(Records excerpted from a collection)
^^^^^^^^^^^^^^^^

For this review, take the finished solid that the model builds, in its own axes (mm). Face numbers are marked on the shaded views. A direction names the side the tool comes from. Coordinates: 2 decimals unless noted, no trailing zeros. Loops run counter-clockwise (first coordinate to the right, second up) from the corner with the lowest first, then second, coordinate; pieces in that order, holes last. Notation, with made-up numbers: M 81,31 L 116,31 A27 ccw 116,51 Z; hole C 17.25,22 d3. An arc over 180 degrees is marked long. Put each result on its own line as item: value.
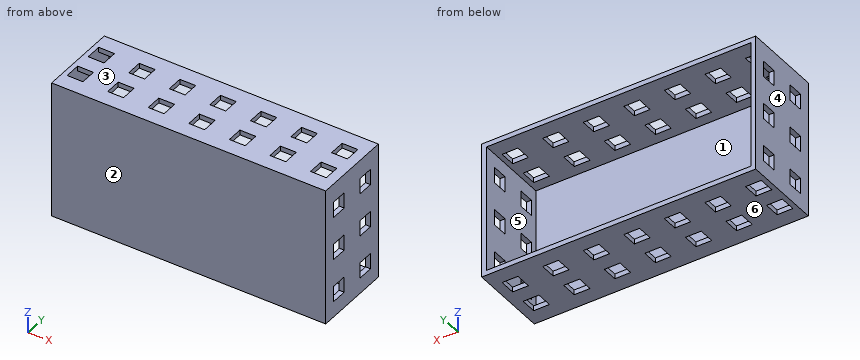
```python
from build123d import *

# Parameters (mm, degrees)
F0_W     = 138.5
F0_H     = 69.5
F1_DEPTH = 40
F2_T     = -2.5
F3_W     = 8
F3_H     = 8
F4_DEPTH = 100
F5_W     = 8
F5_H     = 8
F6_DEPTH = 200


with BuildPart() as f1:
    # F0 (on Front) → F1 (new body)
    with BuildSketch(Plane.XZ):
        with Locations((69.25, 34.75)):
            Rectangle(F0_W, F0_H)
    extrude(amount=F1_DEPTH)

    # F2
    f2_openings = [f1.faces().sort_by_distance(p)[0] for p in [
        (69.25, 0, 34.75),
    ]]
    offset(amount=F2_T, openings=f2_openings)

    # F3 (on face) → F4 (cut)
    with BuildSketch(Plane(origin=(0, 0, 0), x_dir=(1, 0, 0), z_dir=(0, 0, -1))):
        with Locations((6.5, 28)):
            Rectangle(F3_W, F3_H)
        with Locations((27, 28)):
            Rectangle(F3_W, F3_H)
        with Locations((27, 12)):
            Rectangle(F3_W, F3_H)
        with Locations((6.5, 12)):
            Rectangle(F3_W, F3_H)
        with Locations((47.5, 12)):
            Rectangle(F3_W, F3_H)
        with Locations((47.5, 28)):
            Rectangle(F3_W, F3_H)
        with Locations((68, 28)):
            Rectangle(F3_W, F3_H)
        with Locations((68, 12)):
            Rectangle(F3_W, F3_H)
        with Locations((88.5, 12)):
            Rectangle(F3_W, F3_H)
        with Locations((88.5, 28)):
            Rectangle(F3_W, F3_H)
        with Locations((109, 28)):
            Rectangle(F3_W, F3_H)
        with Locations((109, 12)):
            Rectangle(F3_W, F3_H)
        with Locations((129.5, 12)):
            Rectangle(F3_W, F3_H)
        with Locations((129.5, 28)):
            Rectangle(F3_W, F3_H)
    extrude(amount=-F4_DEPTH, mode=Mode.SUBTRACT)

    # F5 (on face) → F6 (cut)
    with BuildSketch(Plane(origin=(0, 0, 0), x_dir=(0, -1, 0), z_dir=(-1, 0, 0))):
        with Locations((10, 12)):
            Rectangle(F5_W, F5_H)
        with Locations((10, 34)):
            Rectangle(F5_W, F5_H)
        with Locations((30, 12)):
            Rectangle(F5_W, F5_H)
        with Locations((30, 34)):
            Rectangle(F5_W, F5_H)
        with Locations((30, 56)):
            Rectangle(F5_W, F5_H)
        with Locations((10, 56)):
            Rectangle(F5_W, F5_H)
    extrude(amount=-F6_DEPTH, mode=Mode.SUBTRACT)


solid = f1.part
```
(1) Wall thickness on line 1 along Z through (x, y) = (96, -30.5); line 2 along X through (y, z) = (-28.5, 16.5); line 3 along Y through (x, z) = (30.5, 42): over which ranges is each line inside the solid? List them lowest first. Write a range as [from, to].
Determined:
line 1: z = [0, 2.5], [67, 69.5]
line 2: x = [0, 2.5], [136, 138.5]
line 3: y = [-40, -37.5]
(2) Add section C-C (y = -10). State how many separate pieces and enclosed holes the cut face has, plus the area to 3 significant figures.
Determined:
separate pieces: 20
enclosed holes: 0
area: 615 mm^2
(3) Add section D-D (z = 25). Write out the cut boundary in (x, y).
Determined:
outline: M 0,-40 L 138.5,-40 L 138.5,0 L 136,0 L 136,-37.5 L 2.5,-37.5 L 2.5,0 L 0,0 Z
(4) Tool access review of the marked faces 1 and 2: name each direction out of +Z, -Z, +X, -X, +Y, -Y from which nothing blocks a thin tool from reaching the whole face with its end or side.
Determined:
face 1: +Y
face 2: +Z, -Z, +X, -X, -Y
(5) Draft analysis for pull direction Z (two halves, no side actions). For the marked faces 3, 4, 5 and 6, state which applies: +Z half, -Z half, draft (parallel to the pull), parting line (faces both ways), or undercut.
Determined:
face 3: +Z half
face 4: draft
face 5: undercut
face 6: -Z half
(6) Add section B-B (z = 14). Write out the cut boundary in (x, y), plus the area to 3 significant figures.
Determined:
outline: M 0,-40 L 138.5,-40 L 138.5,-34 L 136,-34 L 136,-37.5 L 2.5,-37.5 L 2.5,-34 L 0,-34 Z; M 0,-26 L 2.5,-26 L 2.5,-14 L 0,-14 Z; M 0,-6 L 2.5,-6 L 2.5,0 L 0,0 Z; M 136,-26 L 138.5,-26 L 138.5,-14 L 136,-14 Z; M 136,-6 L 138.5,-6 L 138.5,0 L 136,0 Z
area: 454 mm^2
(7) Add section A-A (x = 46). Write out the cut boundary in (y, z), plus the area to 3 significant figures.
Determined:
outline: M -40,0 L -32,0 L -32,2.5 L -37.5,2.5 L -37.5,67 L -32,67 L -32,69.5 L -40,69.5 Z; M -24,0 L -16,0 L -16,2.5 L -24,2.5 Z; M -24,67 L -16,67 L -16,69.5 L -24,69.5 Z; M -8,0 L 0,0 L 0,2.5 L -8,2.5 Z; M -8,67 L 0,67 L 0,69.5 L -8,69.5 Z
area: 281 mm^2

^^^^^^^^^^^^^^^^

:: What you will do ::
Copy each line from the entries above that has the word "degrees" in it.

:: Result of the task ::
For this review, take the finished solid that the model builds, in its own axes (mm). Face numbers are marked on the shaded views. A direction names the side the tool comes from. Coordinates: 2 decimals unless noted, no trailing zeros. Loops run counter-clockwise (first coordinate to the right, second up) from the corner with the lowest first, then second, coordinate; pieces in that order, holes last. Notation, with made-up numbers: M 81,31 L 116,31 A27 ccw 116,51 Z; hole C 17.25,22 d3. An arc over 180 degrees is marked long. Put each result on its own line as item: value.
# Parameters (mm, degrees)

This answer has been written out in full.